A queste già note modalità, a causa dell’emergenza sanitaria conseguente alla diffusione di Covid-19, sono stati sviluppati ulteriori sistemi che, grazie al riconoscimento facciale, sono in grado di monitorare le distanze sociali, il corretto utilizzo delle mascherine nonché l’identità dei soggetti potenzialmente positivi al virus, dei quali rilevano la temperatura e le informazioni identificative essenziali. Perfino le pubbliche amministrazioni si trovano ad elaborare dati biometrici con sempre maggior frequenza, non facendo eccezione nemmeno le istituzioni, gli uffici, gli enti e le agenzie UE. Basti pensare, a tal proposito, ai tre sistemi IT istituiti dall’Unione Europea in grado di trattare dati biometrici su larga scala:
- VIS, il sistema di informazione e visti;
- SIS II, il Sistema d’informazione Schengen;
- Eurodac, il database europeo delle impronte digitali per coloro che richiedono asilo politico e per le persone fermate mentre varcano irregolarmente una frontiera esterna dell’Unione Europea.
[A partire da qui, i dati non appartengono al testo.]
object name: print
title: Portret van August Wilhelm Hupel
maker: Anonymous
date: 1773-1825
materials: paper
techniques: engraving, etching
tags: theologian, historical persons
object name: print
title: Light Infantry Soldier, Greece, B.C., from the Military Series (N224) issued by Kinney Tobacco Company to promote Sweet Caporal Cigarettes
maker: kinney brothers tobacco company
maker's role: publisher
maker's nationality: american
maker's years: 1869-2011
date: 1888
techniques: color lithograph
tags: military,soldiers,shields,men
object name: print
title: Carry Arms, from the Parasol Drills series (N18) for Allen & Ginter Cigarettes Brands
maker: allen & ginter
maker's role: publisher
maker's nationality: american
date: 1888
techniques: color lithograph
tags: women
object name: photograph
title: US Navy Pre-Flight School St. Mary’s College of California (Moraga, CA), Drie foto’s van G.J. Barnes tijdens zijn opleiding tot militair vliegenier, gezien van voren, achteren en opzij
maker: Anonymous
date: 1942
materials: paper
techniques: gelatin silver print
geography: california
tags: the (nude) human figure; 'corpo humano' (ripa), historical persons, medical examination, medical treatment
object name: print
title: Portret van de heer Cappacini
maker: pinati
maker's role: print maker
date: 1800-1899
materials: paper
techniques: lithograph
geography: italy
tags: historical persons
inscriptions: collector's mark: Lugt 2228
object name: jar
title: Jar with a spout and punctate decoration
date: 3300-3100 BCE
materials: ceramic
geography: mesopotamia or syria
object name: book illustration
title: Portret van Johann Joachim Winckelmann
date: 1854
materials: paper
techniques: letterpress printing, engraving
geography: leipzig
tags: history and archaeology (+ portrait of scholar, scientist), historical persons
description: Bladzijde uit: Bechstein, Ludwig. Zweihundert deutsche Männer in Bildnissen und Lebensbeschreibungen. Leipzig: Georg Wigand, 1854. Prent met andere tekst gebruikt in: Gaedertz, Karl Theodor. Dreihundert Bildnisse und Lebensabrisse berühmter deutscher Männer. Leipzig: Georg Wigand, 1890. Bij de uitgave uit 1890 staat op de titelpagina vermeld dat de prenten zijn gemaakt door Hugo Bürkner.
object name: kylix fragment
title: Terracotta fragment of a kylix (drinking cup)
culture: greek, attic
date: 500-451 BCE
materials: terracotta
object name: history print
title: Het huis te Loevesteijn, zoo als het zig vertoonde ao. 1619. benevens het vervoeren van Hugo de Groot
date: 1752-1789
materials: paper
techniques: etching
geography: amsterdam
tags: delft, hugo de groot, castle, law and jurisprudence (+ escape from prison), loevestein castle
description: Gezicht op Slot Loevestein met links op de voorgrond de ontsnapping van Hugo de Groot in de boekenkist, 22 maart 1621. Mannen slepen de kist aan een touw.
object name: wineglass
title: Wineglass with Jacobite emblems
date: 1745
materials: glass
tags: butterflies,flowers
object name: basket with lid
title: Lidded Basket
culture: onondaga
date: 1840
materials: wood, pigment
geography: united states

L’UE, inoltre, è in procinto di sviluppare altri due sistemi in grado di procedere al trattamento su larga scala di dati biometrici:
- EES, il sistema elettronico che registrerà e conserverà la data, l’ora e il luogo d’ingresso e di uscita dei cittadini di paesi extra UE che attraversano le frontiere, che calcolerà automaticamente la durata del soggiorno autorizzato di tali cittadini e genererà segnalazioni allo scadere del soggiorno autorizzato;
- ECRIS-TCN, il sistema informativo del casellario giudiziale europeo, istituito nel 2012, per consentire lo scambio di informazioni tra gli Uffici dei casellari di ciascuno degli Stati europei.
Casi di usi impropri della biometria ai danni della privacy
D’altra parte, che alcune tecnologie si prestino ad un uso improprio è storia ormai nota. Di recente, per esempio, è emerso come la tecnologia statunitense Clearview AI abbia raccolto circa 3 miliardi di immagini dai social media (inclusi Facebook, Twitter e Youtube) mettendole a disposizione, tra gli altri, anche di alcune forze dell’ordine europee. Una piattaforma polacca pare aver svolto – e svolgere tuttora – un’attività del tutto simile, non solo per le autorità di contrasto ma per chiunque ne faccia richiesta: in sostanza ogni utente ha la possibilità, disponendo dell’immagine di un individuo e caricandola sul loro portale, di rintracciarne ogni fotografia presente sul web. Nulla di nuovo, dal punto di vista concettuale: l’evoluzione della tecnologia accompagna promesse di sviluppo a pericoli, per i dati personali, che non possono essere sottovalutati e che impongono, ai progettisti, l’implementazione di sistemi di protezione adeguati.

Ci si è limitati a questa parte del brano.